Try a simplified example:
s = '[{attributes: { a: "foo", b: "bar" } }]'
The main problem is your string is not in a valid JSON:
>>> json.loads(s)
[...]
JSONDecodeError: Expecting property name enclosed in double quotes: line 1 column 3 (char 2)
If the input is generated by you, then fix it. If it comes from somewhere else, then you will need to edit it before loading it with the json module.
Note how having a proper JSON, the .load() method works as expected:
>>> s = '[{"attributes": { "a": "foo", "b": "bar" } }]'
>>> json.loads(s)
[{'attributes': {'a': 'foo', 'b': 'bar'}}]
>>> type(json.loads(s))
list
As others have mentioned, your input data is not JSON. Ideally, that should be fixed upstream so that you do get valid JSON.
However, if that's out of your control you can convert that data to JSON.
The main problem is all those unquoted keys. We can fix that by using a regex to search for a valid name in the first field on each line. If a valid name is found we wrap it in double quotes.
import json
import re
source = u'''[{
attributes: {
NAME: "Name_1ĂĂÎÎ",
TYPE: "Tip1",
LOC_JUD: "Bucharest",
LAT_LON: "234343/432545",
S70: "2342345",
MAP: "Map_one",
SCH: "1:5000",
SURSA: "PPP"
}
}, {
attributes: {
NAME: "NAME_2șțț",
TYPE: "Tip2",
LOC_JUD: "cea",
LAT_LON: "123/54645",
S70: "4324",
MAP: "Map_two",
SCH: "1:578000",
SURSA: "PPP"
}
}
]
'''
# Split source into lines, then split lines into colon-separated fields
a = [s.strip().split(': ') for s in source.splitlines()]
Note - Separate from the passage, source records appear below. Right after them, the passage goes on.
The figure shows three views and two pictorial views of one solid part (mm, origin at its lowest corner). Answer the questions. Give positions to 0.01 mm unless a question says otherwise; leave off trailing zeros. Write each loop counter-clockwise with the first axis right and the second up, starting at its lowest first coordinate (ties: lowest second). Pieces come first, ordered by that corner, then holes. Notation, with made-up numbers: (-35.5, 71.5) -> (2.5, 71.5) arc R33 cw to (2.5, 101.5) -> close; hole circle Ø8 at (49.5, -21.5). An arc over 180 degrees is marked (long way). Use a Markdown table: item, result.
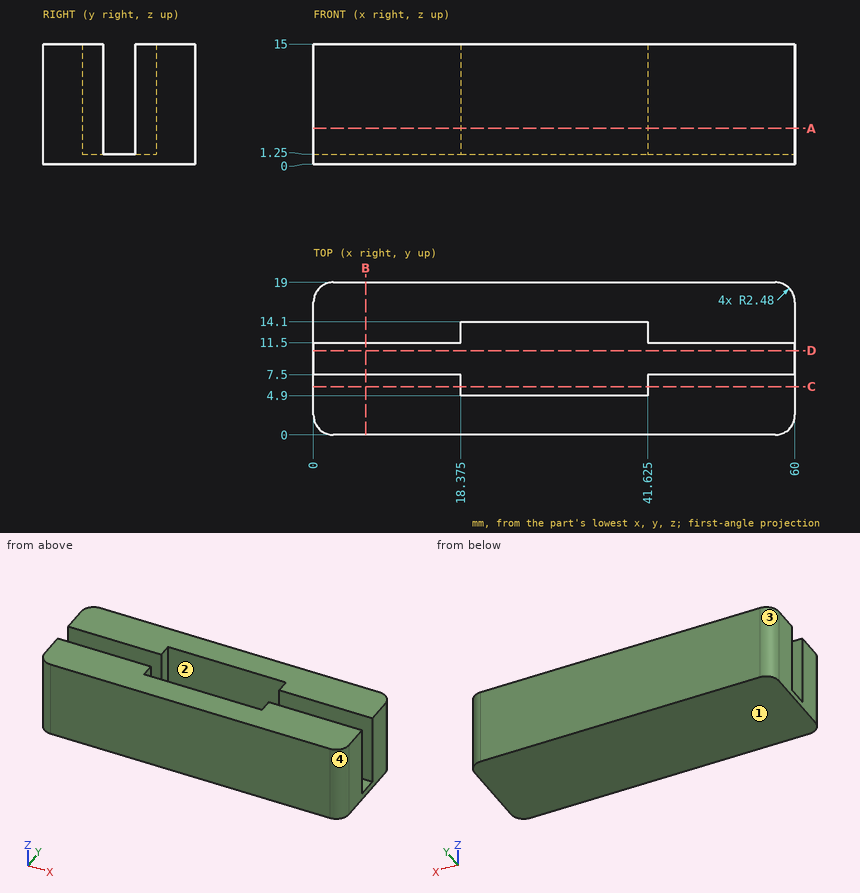
Item 1: For a pull along X with two mould halves and no side action, classify the marked faces 1, 2, 3 and 4 as +X half, -X half, draft (parallel to the pull), parting line (faces both ways), or undercut.
Return value:
| item | result |
|---|---|
| face 1 | draft |
| face 2 | undercut |
| face 3 | -X half |
| face 4 | +X half |
Item 2: A cutting plane is placed at D-D (y = 10.5). Give the vertices of the cut face in (x, z).
Return value:
| item | result |
|---|---|
| outline | (0, 0) -> (60, 0) -> (60, 1.25) -> (0, 1.25) -> close |
Item 3: A cutting plane is placed at A-A (z = 4.5). Give the vertices of the cut face in (x, y) (3 decimals), then the cut area to 3 significant figures.
Return value:
| item | result |
|---|---|
| outline | (0, 2.48) arc R2.48 ccw to (2.48, 0) -> (57.52, 0) arc R2.48 ccw to (60, 2.48) -> (60, 7.5) -> (41.625, 7.5) -> (41.625, 4.9) -> (18.375, 4.9) -> (18.375, 7.5) -> (0, 7.5) -> close; (0, 11.5) -> (18.375, 11.5) -> (18.375, 14.1) -> (41.625, 14.1) -> (41.625, 11.5) -> (60, 11.5) -> (60, 16.52) arc R2.48 ccw to (57.52, 19) -> (2.48, 19) arc R2.48 ccw to (0, 16.52) -> close |
| area | 774 mm^2 |
Item 4: Straight lines are drawn through the part: line 1 along Y through (x, z) = (5.5, 6.5); line 2 along Y through (x, z) = (23.5, 10.75); line 3 along X through (y, z) = (5.5, 5) (3 decimals). For each, find the intervals that lie inside material, in ascending order. Write a range as [from, to].
Return value:
| item | result |
|---|---|
| line 1 | [0, 7.5], [11.5, 19] |
| line 2 | [0, 4.9], [14.1, 19] |
| line 3 | [0, 18.375], [41.625, 60] |
Item 5: This flat-tipped pin is pushed along its axis until it touches: P1, Ø7.5, axis at x = 20, y = 8.5, coming from the +Z side. Where does it stop, or does it pass through?
Return value:
| item | result |
|---|---|
| P1 | z = 15 |
Item 6: A cutting plane is placed at C-C (y = 6). Give the vertices of the cut face in (x, z) (3 decimals).
Return value:
| item | result |
|---|---|
| outline | (0, 0) -> (60, 0) -> (60, 15) -> (41.625, 15) -> (41.625, 1.25) -> (18.375, 1.25) -> (18.375, 15) -> (0, 15) -> close |
Item 7: A cutting plane is placed at B-B (x = 6.5). Give the vertices of the cut face in (y, z), then the cut area to 3 significant figures.
Return value:
| item | result |
|---|---|
| outline | (0, 0) -> (19, 0) -> (19, 15) -> (11.5, 15) -> (11.5, 1.25) -> (7.5, 1.25) -> (7.5, 15) -> (0, 15) -> close |
| area | 230 mm^2 |

# Wrap names in first field in double quotes
valid_name = re.compile('(^\w+$)')
for row in a:
row[0] = valid_name.sub(r'"\1"', row[0])
# Recombine the data and load it
data = json.loads(' '.join([': '.join(row) for row in a]))
# Test
print data[0]["attributes"]
print '- ' * 30
print json.dumps(data, indent=4, ensure_ascii=False)
output
{u'LOC_JUD': u'Bucharest', u'NAME': u'Name_1\u0102\u0102\xce\xce', u'MAP': u'Map_one', u'SURSA': u'PPP', u'S70': u'2342345', u'TYPE': u'Tip1', u'LAT_LON': u'234343/432545', u'SCH': u'1:5000'}
- - - - - - - - - - - - - - - - - - - - - - - - - - - - - -
[
{
"attributes": {
"LOC_JUD": "Bucharest",
"NAME": "Name_1ĂĂÎÎ",
"MAP": "Map_one",
"SURSA": "PPP",
"S70": "2342345",
"TYPE": "Tip1",
"LAT_LON": "234343/432545",
"SCH": "1:5000"
}
},
{
"attributes": {
"LOC_JUD": "cea",
"NAME": "NAME_2șțț",
"MAP": "Map_two",
"SURSA": "PPP",
"S70": "4324",
"TYPE": "Tip2",
"LAT_LON": "123/54645",
"SCH": "1:578000"
}
}
]
Note that this code is a little fragile. It works with data that's in the format shown in the question, but it won't work if there are more than one key-value pair on a line.
As I said earlier, the best way to fix this problem is upstream, where the non-JSON is being produced.